If it compiles, you can go a step further, build something that detects changes, for example by parsing the syntax tree of everything changed, then check the syntax tree of the entire project which other methods / objects might be affected. In dotnet you'd do this with a Roslyn Analyzer
Most languages have an IDE which will manage the import of that object and when you rename incorrectly, it'll flag it up. If you're calling an incorrect function or variable, it'll flag it etc. Many will have refactoring tools so when you rename something through this, it'll rename all instances of that.
This is related to what I discussed in the "Searching" section. Entity fields may not be necessarily imported, so they would not be caught in this. Say you're using that field's name in a SQL query, HTTP or GraphQL request / query. This may also not be caught by IDE.
This also would not cover the case where a field is modified without necessarily changing its name, or a new field is added and now the code using that entity is not using the field.
Usually when you change your database structure, you would change the object that this is mapped into. If you were to change one without the other, that would be a monumental developer oversight. Adding a field without using it in many frameworks wouldn't necessarily break it, so it wouldn't be a bad change per se.
Any change you make to persistence should reflect as a bare minimum, the object data gets mapped into. This would likely be part of the same branch, and you probably shouldn't merge it until it's complete.
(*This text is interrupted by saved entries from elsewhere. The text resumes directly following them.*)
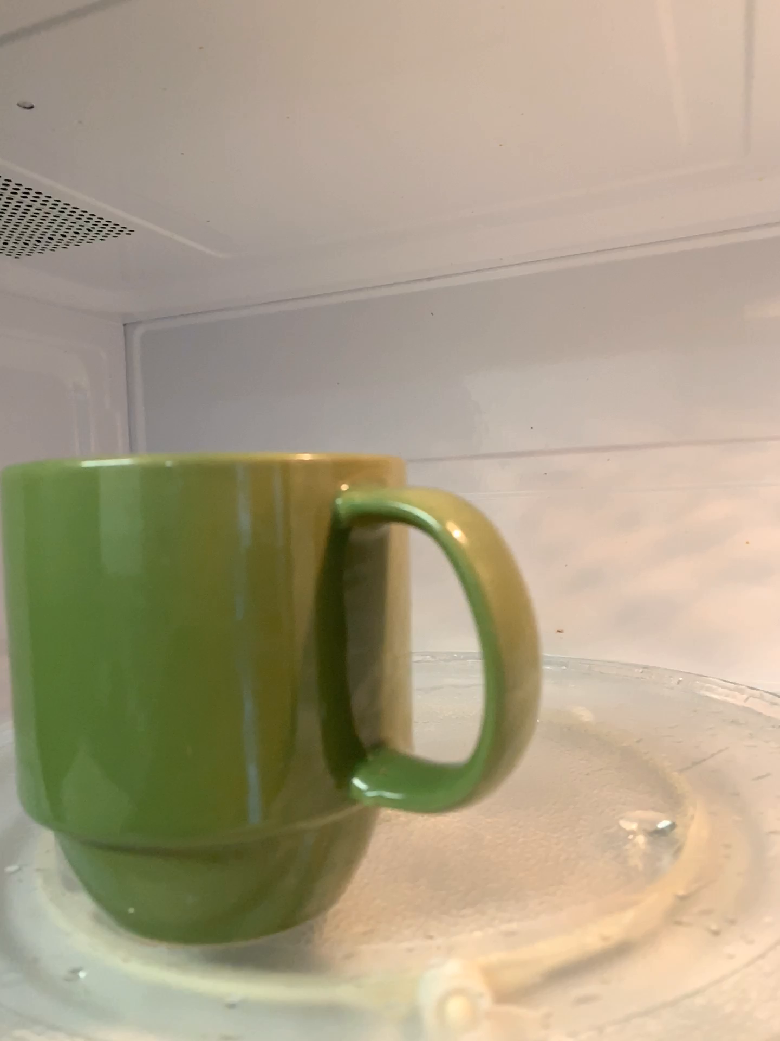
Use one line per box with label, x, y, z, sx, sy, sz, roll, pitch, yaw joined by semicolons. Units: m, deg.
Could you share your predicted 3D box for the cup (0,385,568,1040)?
cup;-0.042;0.028;0.164;0.130;0.090;0.080;-1;2;34
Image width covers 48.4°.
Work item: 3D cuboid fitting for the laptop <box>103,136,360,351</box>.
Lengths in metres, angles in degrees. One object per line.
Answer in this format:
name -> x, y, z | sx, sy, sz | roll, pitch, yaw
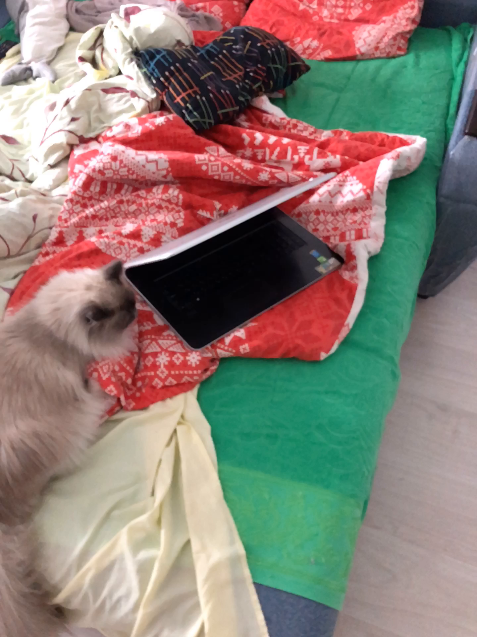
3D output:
laptop -> -0.006, -0.171, 1.092 | 0.414, 0.176, 0.277 | -30, 57, -24

You're looking for tooling to protect you from human errors, and nothing is going to do that. It's like asking, how can I stop myself from choking when eating. You just know to chew. If this isn't obvious, it's a good lesson in development. Make one change at a time and make it right. Don't rush off to presentation changes or logic changes until your persistence changes are complete. When you get into habits like this, it becomes steady, methodical and structured. Rushing is the best way to make mistakes and spend more time fixing them. Less haste, more speed.
For example, if I add a new field. I'd write the SQL, run it, populate a value, get that value and test it. Then I'd move on to the object mapping. I'd load it into the code, and get a bare minimum debug out to see it was loaded out, etc. etc.. Small tweak, test and confirm, small change, test and confirm. Every step is validated so when it doesn't work, you know why, you don't guess.
If it's a microservice architecture using something like openapi and code generators could be a solution. Then the proper classes / types are created during the build step.
Does not avoid the fields being unused, or service B using an older version before being rebuild.
The approach would be similar as a library, but works across different languages while changing the definition only on one place.